Expert’s take: “Oftentimes when running models to help borrowers improve their credit score, we find that very low utilization, such as 3% to 5% on a revolving credit line, results in a slightly higher overall score than zero utilization, as long as it’s paired with timely payments,” said Chris Hardiman, a mortgage loan officer at Guaranteed Rate.
Next step: Evaluate your debt situation to determine which steps you should take to tackle it. Options include making biweekly mortgage payments, using the debt snowball or avalanche method or applying for a debt consolidation loan. (Keep in mind that paying off a loan can potentially cause your credit scores to dip temporarily, but they should rebound, especially if you continue practicing good credit management overall.)
5. Get credit for rent payments
Fewer than 5% of tenants’ rent payments are reported to the credit bureaus, according to the Urban Institute. However, there are increasingly more ways to use your on-time rent payments to improve your credit scores.
In addition to asking your landlord to report your payments, you can also use a free third-party service, including:
- Self Financial will report your rent payments to all three credit bureaus.
- Experian Boost is another rent reporting tool that also includes utility, phone, insurance and streaming subscription payments, but it only adds those payments to your Experian credit file.
Next step: Talk to your landlord about potentially reporting rent payments.

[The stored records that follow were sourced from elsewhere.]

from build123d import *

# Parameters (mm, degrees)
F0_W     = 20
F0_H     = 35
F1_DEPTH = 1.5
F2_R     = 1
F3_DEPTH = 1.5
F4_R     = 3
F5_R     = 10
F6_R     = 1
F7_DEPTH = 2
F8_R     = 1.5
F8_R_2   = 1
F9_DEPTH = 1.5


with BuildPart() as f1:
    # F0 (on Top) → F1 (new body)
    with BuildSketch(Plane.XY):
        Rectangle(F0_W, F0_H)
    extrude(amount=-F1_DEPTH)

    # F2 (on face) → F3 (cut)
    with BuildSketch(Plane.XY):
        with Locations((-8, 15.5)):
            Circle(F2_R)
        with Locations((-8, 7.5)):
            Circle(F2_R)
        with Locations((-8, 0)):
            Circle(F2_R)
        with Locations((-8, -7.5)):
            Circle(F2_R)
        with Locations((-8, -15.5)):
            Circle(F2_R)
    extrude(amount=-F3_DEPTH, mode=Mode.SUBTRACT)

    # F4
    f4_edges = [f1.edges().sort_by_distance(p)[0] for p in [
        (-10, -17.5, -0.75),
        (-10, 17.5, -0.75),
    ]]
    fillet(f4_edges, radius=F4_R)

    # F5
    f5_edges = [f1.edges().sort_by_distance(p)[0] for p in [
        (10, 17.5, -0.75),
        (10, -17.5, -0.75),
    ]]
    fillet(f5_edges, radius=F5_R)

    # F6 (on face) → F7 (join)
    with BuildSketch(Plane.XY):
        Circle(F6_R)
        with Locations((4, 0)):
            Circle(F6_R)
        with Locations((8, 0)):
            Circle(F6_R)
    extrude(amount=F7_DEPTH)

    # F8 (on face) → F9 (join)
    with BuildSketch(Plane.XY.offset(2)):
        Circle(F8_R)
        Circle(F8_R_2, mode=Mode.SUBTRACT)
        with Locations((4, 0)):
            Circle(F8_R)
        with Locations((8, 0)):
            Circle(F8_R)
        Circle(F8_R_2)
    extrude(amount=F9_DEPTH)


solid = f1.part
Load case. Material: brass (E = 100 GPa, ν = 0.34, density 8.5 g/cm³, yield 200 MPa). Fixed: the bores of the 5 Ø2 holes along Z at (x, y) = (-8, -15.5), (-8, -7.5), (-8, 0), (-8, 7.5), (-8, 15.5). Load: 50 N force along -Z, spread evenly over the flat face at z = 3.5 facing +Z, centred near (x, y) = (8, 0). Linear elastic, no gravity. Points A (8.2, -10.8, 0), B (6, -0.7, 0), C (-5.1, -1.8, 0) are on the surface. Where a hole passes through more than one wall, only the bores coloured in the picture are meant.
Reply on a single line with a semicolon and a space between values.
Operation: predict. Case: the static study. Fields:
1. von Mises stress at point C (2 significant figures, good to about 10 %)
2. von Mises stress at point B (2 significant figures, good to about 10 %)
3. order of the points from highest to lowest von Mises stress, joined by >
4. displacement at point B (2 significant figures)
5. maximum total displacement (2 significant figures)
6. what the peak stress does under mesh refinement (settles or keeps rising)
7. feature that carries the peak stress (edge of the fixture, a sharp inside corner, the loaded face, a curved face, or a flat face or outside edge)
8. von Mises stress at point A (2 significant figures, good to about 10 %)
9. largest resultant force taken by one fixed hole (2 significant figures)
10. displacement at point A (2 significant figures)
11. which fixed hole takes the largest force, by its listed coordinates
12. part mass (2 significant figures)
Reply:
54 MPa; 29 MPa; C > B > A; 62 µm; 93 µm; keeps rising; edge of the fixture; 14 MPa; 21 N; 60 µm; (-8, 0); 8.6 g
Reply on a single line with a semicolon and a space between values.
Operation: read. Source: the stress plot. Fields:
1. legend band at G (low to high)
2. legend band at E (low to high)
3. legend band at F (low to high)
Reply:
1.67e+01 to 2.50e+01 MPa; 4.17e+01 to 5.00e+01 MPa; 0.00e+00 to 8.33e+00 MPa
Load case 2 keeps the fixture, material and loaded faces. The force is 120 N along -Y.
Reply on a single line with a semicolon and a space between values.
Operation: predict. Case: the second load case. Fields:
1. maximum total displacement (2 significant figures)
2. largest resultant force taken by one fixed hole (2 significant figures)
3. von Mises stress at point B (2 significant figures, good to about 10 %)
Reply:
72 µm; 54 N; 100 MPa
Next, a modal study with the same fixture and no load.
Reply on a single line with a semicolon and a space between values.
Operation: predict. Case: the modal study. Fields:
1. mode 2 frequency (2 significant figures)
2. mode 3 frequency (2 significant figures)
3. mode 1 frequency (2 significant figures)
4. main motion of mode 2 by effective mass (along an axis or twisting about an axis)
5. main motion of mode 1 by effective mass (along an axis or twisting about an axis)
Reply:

If that doesn’t work or you’d like to avoid that conversation, consider a free rent reporting service that can help.
6. Get added as an authorized user
One of the best ways to boost your length of credit history is to have a family member or friend with good credit scores add you as an authorized user on their credit card. This way, the card’s full history appears on your credit reports. The older the card is, the bigger the benefit to your account. In fact, arriving for your first day of college at 18 years old with a 25-plus year credit history is entirely possible thanks to this strategy.
Just make sure that the primary cardholder uses the account responsibly, including making payments on time and maintaining a low utilization rate.
If your benefactor is nervous about adding you to their credit accounts, remind them that as long as you’re added to the account, you don’t need possession of the physical card to benefit.
Next step: Talk to a parent or other loved one about potentially adding you as an authorized user on their account (which is not a joint credit card). Be sure to discuss how they use the account to avoid hurting your credit instead of helping it.
Related >> How old you have to be to get a credit card
7. Consider a debit-credit hybrid card
If you can’t get approved for a traditional credit card on your own, consider a debit-credit hybrid card instead. These cards typically don’t require a credit check and don’t charge interest, drawing your payments from a linked secured account balance you can regularly replenish. They also report your payments to the credit bureaus, helping you increase your credit scores over time.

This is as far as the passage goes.